* TASK OBJECTIVE: Find the line with "Numbers: x, y, z, sx, sy, sz, roll, pitch, yaw." in the entries below. Repeat it, every following line, and the line with "pillow: x=0.480 y=-0.162", exactly and with nothing added.

* RECORDS TO USE:
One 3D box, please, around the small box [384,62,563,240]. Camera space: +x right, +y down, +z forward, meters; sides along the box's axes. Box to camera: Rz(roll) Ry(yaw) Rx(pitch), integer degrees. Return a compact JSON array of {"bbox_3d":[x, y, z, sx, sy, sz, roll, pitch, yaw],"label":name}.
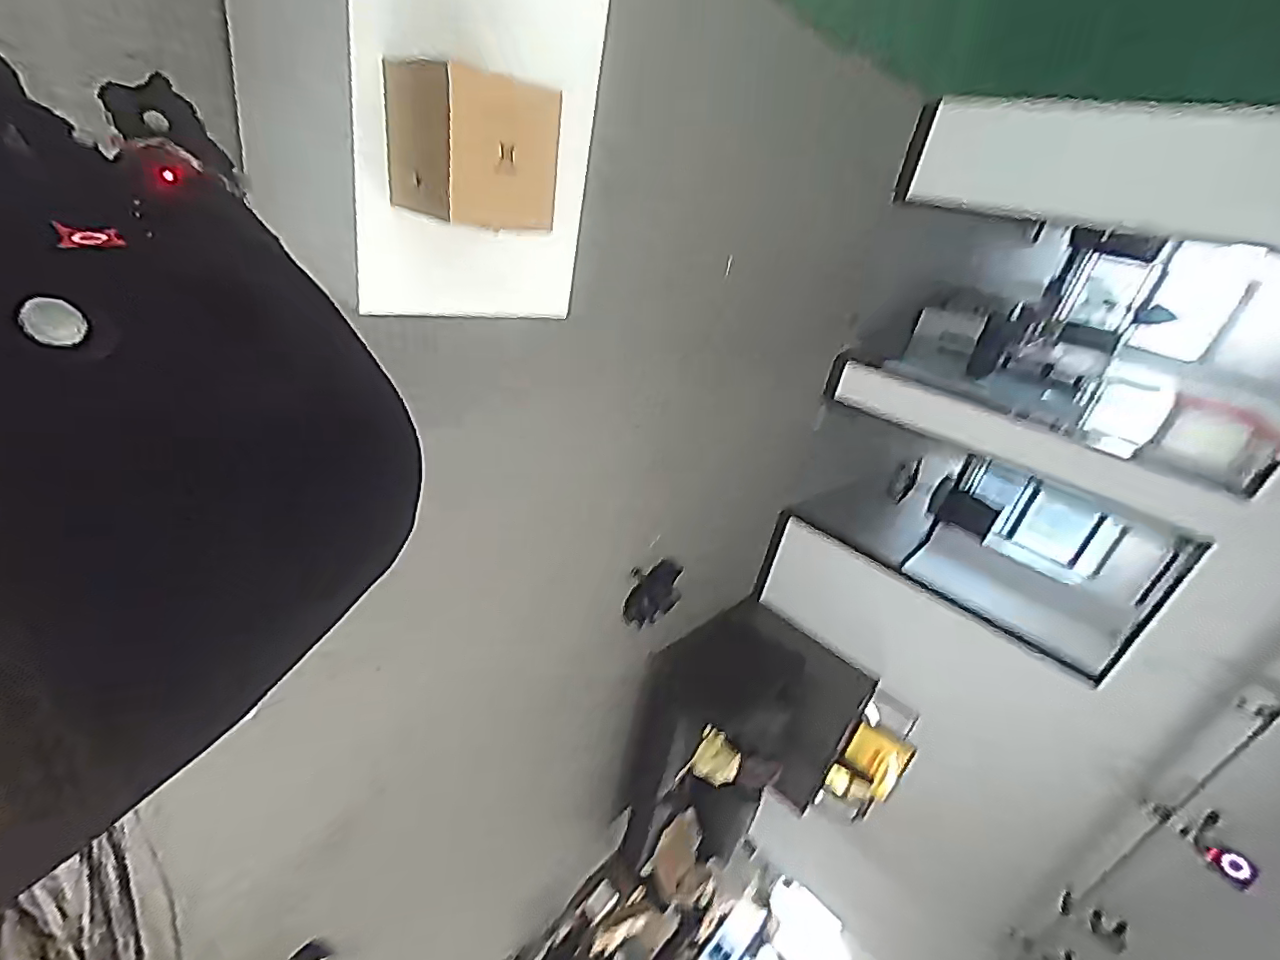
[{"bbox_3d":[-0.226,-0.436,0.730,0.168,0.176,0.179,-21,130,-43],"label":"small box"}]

...

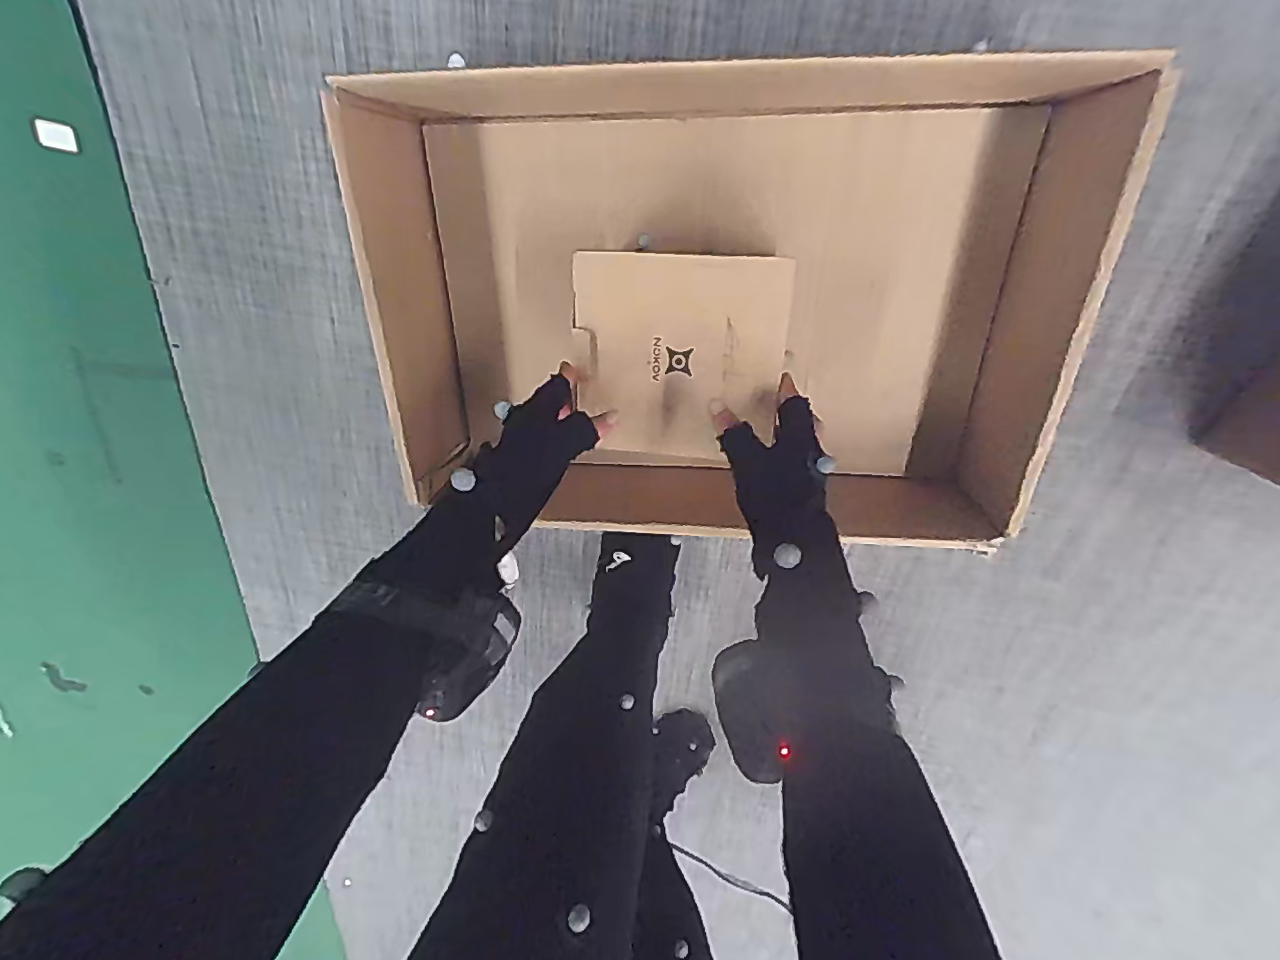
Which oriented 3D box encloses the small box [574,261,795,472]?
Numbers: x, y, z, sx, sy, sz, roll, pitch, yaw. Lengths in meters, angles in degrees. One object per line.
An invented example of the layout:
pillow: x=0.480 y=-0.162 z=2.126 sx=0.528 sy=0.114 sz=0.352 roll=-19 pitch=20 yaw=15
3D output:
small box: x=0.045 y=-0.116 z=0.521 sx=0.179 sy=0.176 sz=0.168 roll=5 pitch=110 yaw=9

* RESPONSE BOX:
Numbers: x, y, z, sx, sy, sz, roll, pitch, yaw. Lengths in meters, angles in degrees. One object per line.
An invented example of the layout:
pillow: x=0.480 y=-0.162 z=2.126 sx=0.528 sy=0.114 sz=0.352 roll=-19 pitch=20 yaw=15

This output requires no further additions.